Our data show a weak correlation between FFQ and erythrocyte ALA, EPA and AA. The correlation between fatty acids in human tissues and the intake measured by FFQ is unlikely to be a perfect match, considering that some fatty acids can act as metabolic precursors for other fatty acids. Studies of ALA metabolism in healthy young populations have shown that young women have a greater ability to generate n-3 LC-PUFA from ALA, with ~21% of dietary ALA converted to EPA and 9% to DHA [48], compared to ~8% of dietary ALA converted to EPA and 0–4% to DHA in men [49]. This conversion depends on factors such as gender, pregnancy and diet [50, 51]. For example, vegetarians tend to be more efficient converters than non-vegetarians. In addition, because erythrocytes have a metabolic lifespan of ~120 days, it is thought that erythrocyte membrane fatty acids reflect fatty acid metabolism levels over a longer time span than plasma fatty acids [52], whereas the FFQ assesses usual intake over the past 12 months. The difference in timeframe could result in some seasonal variation in dietary intake that is not reflected in the shorter-term measurement of erythrocyte fatty acids.

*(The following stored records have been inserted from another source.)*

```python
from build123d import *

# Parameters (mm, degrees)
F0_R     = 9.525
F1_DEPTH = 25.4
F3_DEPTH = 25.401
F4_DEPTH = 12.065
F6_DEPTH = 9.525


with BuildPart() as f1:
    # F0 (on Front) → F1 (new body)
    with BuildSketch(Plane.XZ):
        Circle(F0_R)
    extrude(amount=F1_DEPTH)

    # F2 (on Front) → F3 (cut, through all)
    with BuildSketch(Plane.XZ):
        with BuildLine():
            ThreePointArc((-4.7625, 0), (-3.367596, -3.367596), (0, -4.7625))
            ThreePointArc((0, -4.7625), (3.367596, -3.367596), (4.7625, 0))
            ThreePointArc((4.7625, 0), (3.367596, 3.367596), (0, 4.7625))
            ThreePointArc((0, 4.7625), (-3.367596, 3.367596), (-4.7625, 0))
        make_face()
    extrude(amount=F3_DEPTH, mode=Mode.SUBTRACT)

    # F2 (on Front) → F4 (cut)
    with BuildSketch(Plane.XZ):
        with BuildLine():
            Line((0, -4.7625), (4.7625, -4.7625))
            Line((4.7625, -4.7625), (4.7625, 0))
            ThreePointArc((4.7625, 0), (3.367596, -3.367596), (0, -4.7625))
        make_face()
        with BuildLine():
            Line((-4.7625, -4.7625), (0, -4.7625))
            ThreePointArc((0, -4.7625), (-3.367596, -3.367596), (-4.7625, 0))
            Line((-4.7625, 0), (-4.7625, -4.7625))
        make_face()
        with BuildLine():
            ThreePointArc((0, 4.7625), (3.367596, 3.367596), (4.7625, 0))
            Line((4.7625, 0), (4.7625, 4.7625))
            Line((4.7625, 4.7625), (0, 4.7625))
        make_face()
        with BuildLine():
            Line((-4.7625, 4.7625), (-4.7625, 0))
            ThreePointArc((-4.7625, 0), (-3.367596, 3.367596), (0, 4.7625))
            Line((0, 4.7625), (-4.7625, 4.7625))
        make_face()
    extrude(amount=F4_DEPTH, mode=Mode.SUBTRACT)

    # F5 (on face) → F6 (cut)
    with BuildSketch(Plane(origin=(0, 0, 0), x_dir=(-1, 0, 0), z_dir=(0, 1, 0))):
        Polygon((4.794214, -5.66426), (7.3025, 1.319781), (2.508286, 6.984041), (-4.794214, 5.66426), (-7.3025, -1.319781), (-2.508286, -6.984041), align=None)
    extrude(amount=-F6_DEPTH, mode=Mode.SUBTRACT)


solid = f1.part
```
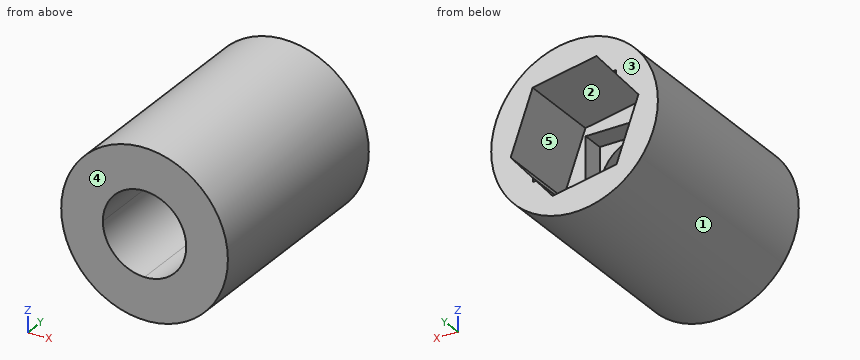
Build history of the part. All positions in model axes, mm. Face numbers are marked on the shaded views. A direction names the side the tool comes from. Give positions to 0.01 mm unless a question says otherwise; leave off trailing zeros. Use a Markdown table: item, result.
(1) Which spindle directions (+Z, -Z, +X, -X, +Y, -Y) get a long thin tool onto all of the face, cutting with end or side? Do the marked faces 4 and 5. Say none if no direction does.
Taken from the geometry:
| item | result |
|---|---|
| face 4 | +Z, -Z, +X, -X, -Y |
| face 5 | +Y |
(2) Wall check: line 1 along Z through (x, y) = (-2.5, -3.75); line 2 along Y through (x, z) = (-4.25, 4) (3 decimals); line 3 along Z through (x, y) = (-4, -10). Give the ranges that are in metal, low to high.
Taken from the geometry:
| item | result |
|---|---|
| line 1 | -9.19 to -6.08, 6.98 to 9.19 |
| line 2 | -25.4 to -12.065 |
| line 3 | -8.64 to -4.76, 4.76 to 8.64 |
(3) Pull direction X, two halves, no side cores. Call the marked faces 1, 2 and 3: +X half, -X half, draft (parallel to the pull), parting line (faces both ways), or undercut.
Taken from the geometry:
| item | result |
|---|---|
| face 1 | parting line |
| face 2 | undercut |
| face 3 | draft |
(4) Drop flat-ended pins along their axis: pin 1 Ø5 at (y, z) = (-8.5, 7) entering from -X (3 decimals); pin 2 Ø1.4 at (x, z) = (-3.5, 1.5) entering from +Y; pin 3 Ø4 at (x, z) = (1.5, 3.5) entering from +Y (3 decimals); pin 4 Ø1.5 at (y, z) = (-12.5, -7) entering from -X. Give the stop position or say it passes through.
Taken from the geometry:
| item | result |
|---|---|
| pin 1 | x = -8.395 |
| pin 2 | through |
| pin 3 | y = -9.525 |
| pin 4 | x = -7.19 |

The results of this study illustrate a dose-dependent bias in the FFQ fatty acid data and the corresponding erythrocyte data. The Bland–Altman plots for ALA and LA suggest a ‘biphasic’ relationship between the biases of the two measures, which means one measure overestimates the other when the magnitude of the measure is large but conversely underestimates the other when the magnitude of the measure is small [53]. Based on the linear regression equation in Bland–Altman plots, we found that the intercept between EPA and DHA is much closer to zero. This means that the bias between the two measurements is monophasic, that is, it only occurs when the magnitude of the measurement is large. This suggests the FFQ tool is likely to have less measurement bias in identifying consumers with low intakes than those with high intakes, similar to the conclusions obtained using quartile cross-classification analysis. A study of FFQ and RBC data from Switzerland [46] found that the FFQ placed participants in the same or adjacent quartiles with an accuracy of between 70 and 87% for different fatty acids, with DHA having the highest accuracy, followed by EPA. In our results, cross-classification analysis resulted in the best performance for DHA, although Kappa statistics showed poor agreement.

Our study has some strengths, including a large amount of dietary and biomarker data, making this one of the largest studies of this type in adolescents. In Australia, most studies that investigated FFQ and erythrocyte fatty acids had sample sizes of less than 60 [10, 47]. We used a specifically designed and validated FFQ for the parent to complete in this age group, allowing us to better record usual dietary intake that is particularly beneficial when collecting information on foods such as fish and seafood as we have a complete fish database that records the amount of EPA and DHA in fish consumed [15].

Our study was limited by the time frame of the assessments, with the 12 month time period represented by the FFQ longer than the 3 month time period represented by the erythrocyte data. There is also a limitation that our study did not capture information on the consumption of dietary fatty acid supplements and therefore this study may not be representative of the population if consuming dietary fatty acid supplements.

Potential areas for future research include examining whether external factors such as other dietary factors, along with other modifiable lifestyle factors such as alcohol and smoking, influence the strength of the associations between fatty acid intake and erythrocyte biomarkers. In addition, this study tested the valid parameters of the FFQ data against the erythrocyte data; however, reproducibility was not tested. It would also be interesting to investigate whether this association persists or changes with age.

Conclusions

In conclusion, poor to fair correlations were found between the FFQ and erythrocyte data for DPA, DHA and LA. The Bland–Altman plots suggest poor agreement and a dose-dependent bias between the two measures.